We affirm the order of the Porter County Superior Court.


Frank and Kristen were married on November 29, 1969. Their marriage began to deteriorate in 1981. Kristen began seeing

Page 566

Bernard Johnsen, a police officer and self-described karate expert. She invited Johnsen to the couple's residence on numerous occasions. On one occasion, Johnsen allegedly performed a karate demonstration on Frank by knocking a knife from Frank's hand and told him, "Blink and you will die in the dark." Despite Frank's protest, Kristen again invited Johnsen to their residence in September, 1982. On this occasion Johnsen allegedly threatened to kill Frank if he did not give Kristen what she wanted in the property settlement. Johnsen told Frank he carried a "drop gun" that he could use in the event he killed someone without justification. Kristen told Frank that Johnsen was her "muscle," her "pet cop" who would "get him" if Frank did not give her all the property she demanded.

In May, 1983, Kristen allegedly ordered Frank to use attorney Nick Anast to file the dissolution papers and threatened that Johnsen would "get him" if Frank didn't comply. Frank had never retained Anast before that time. Anast arrived at Frank's place of business with dissolution papers prepared for his signature. No discovery or appraisals were used. The threats to Frank continued after the dissolution papers were filed. In August, 1983, Kristen presented a typewritten document purporting to be a property settlement agreement to Frank and "ordered" him to copy it into his own handwriting, to make it appear that the document was Frank's idea.

On October 11, 1983, a final dissolution hearing was held and the custody, support and property settlement agreement was incorporated into the dissolution decree. The property settlement agreement provided that Frank would pay Kristen $33,000 per year, tax-free, for the remainder of her life; $70,000 by August, 1984; and $300,000 by October, 1985. Frank contends that the present value of the property to be given Kristen was $721,500 at an 8% discount rate, and that his net worth on May 18, 1983, was $473,962 (Appellee's Brief, pp. 18-19).

The threats allegedly continued after the decree. On March 13, 1985, Kristen sought to enforce the decree by petition for citation and asserted inter alia that Frank was in arrears $2,842.34 in child support. On March 18, 1985, Frank filed a petition for relief from judgment, alleging that he had been coerced into entering into the property settlement agreement, that it was impossible to perform his part of the agreement, and that the terms of the agreement were so unconscionable and grossly inequitable as to render Frank's performance impossible and manifestly unfair. Kristen moved to dismiss on the ground that Frank's motion was barred by the one-year limitation of TR 60(B). The trial court denied her motion, holding that allegations of undue influence, coercion and duress come within the purview of IC 31-1-11.5-17(a). On May 27, 1988, after a bench trial before the Porter County Court Commissioner, the court entered an order setting aside the property settlement agreement as the product of an involuntary and non-free will act of Frank Sauzer. Kristen's motion to correct errors was denied.

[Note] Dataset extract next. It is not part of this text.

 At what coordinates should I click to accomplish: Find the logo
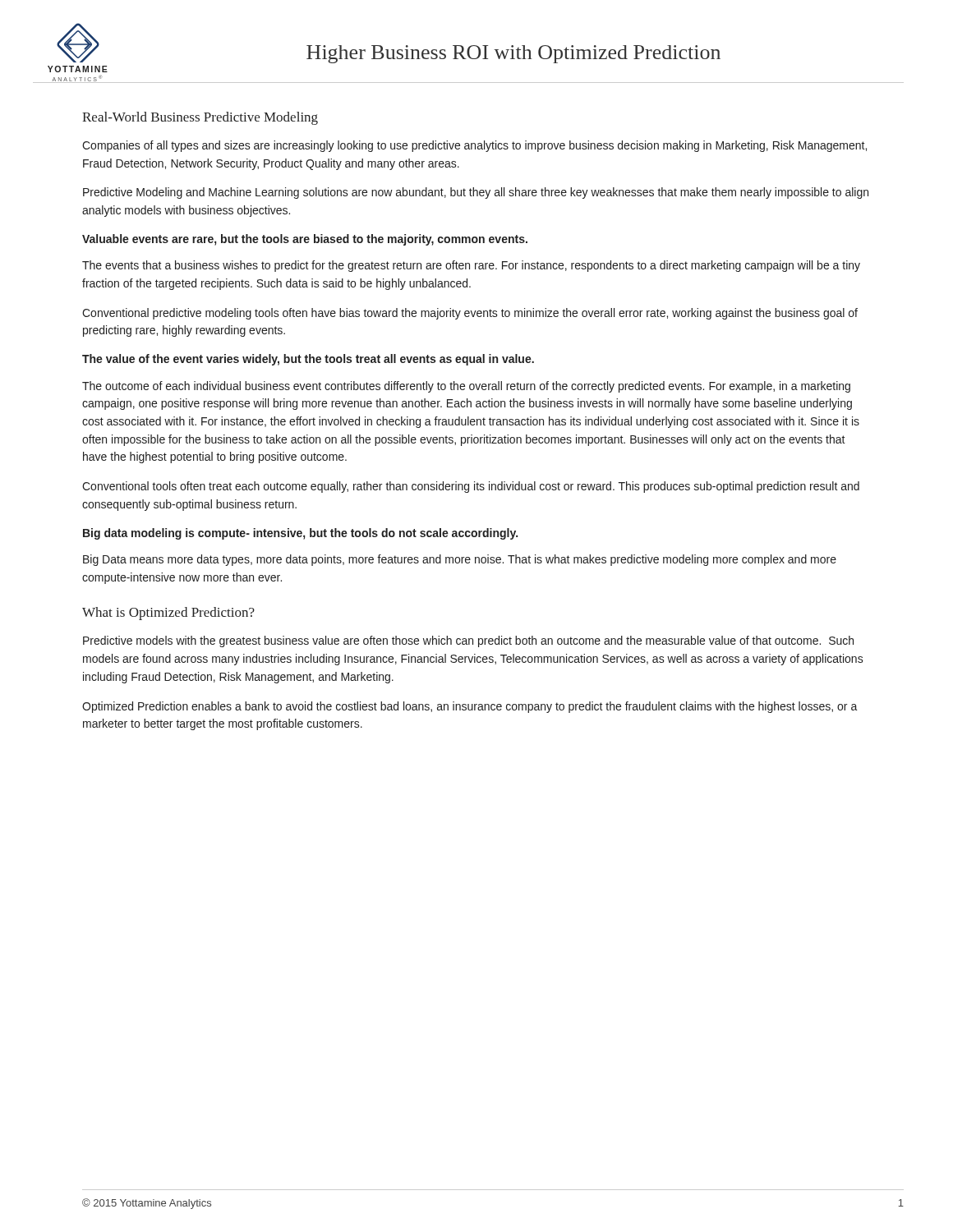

Whether the trial court's order setting aside the property settlement agreement was a final judgment from which an appeal can be taken.

Frank contends that the order setting aside the property settlement agreement was an interlocutory order, requiring trial court certification pursuant to Appellate Rule 4(B)(6) in order to appeal. He contends that the petition to revoke the property disposition sufficiently alleged fraud so as to come within the exception to IC 31-1-11.5-17, amended by Acts 1987, P.L. 289, Sec. 1, which states:

"The orders as to property disposition ... may not be revoked or modified, except in the case of fraud which ground shall be asserted within two (2) years of said order." (emphasis added)

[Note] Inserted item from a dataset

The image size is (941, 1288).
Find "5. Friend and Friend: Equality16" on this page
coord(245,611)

IC 31-1-11.5-17(a). Such an order would not be a final order. A final order or judgment:

Page 567

... must be one which finally determines the rights of the parties involved; or if it does not, it is still appealable if it disposes of a distinct and definite branch of the proceedings, leaving no further question for future determination by the Court as to that particular issue. [citation omitted].

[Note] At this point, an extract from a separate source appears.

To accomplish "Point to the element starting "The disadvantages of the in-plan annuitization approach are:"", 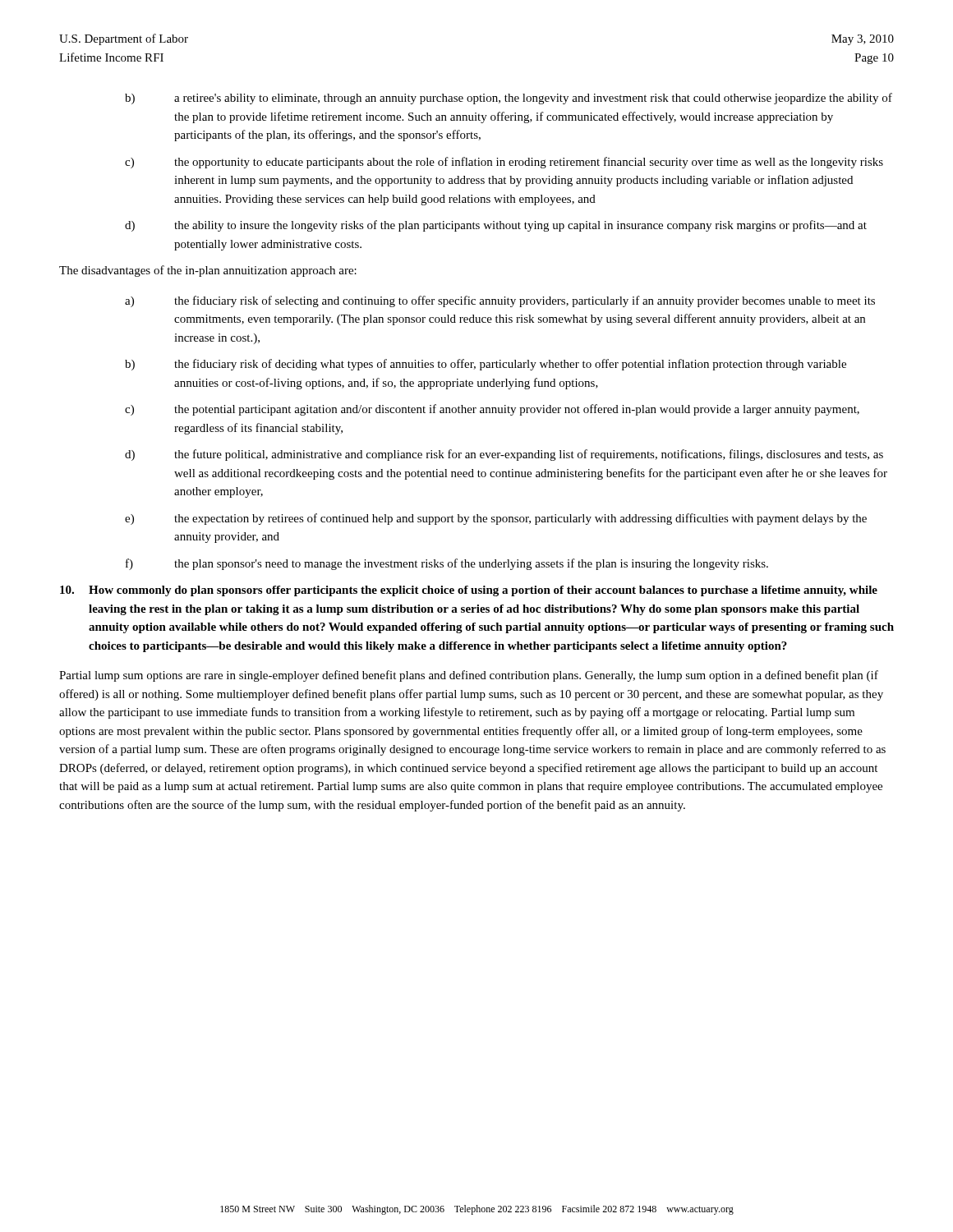I will click(x=208, y=270).

Geib v. Estate of Geib (1979), 182 Ind.App. 377, 378-79, 395 N.E.2d 336, 337. The trial court's order would ordinarily not be final because it did not redistribute the property. See Marianos v. Marianos (1982), Ind.App., 431 N.E.2d 530; Soil v. Soil (1936), 102 Ind.App. 112, 1 N.E.2d 311. Because it has not been certified for appeal by the trial court, this court could dismiss the appeal. 1

Kristen contends the order was final because Frank's petition did not allege fraud. If Frank did not allege fraud sufficiently to put his petition within the scope of IC 31-1-11.5-17(a), his petition to set aside the property settlement was a motion for relief from judgment under TR 60(B)(3). A ruling denying or granting a motion under TR 60(B) is a final appealable order. TR 60(C).

Resolution of this question depends upon our resolving the question of whether...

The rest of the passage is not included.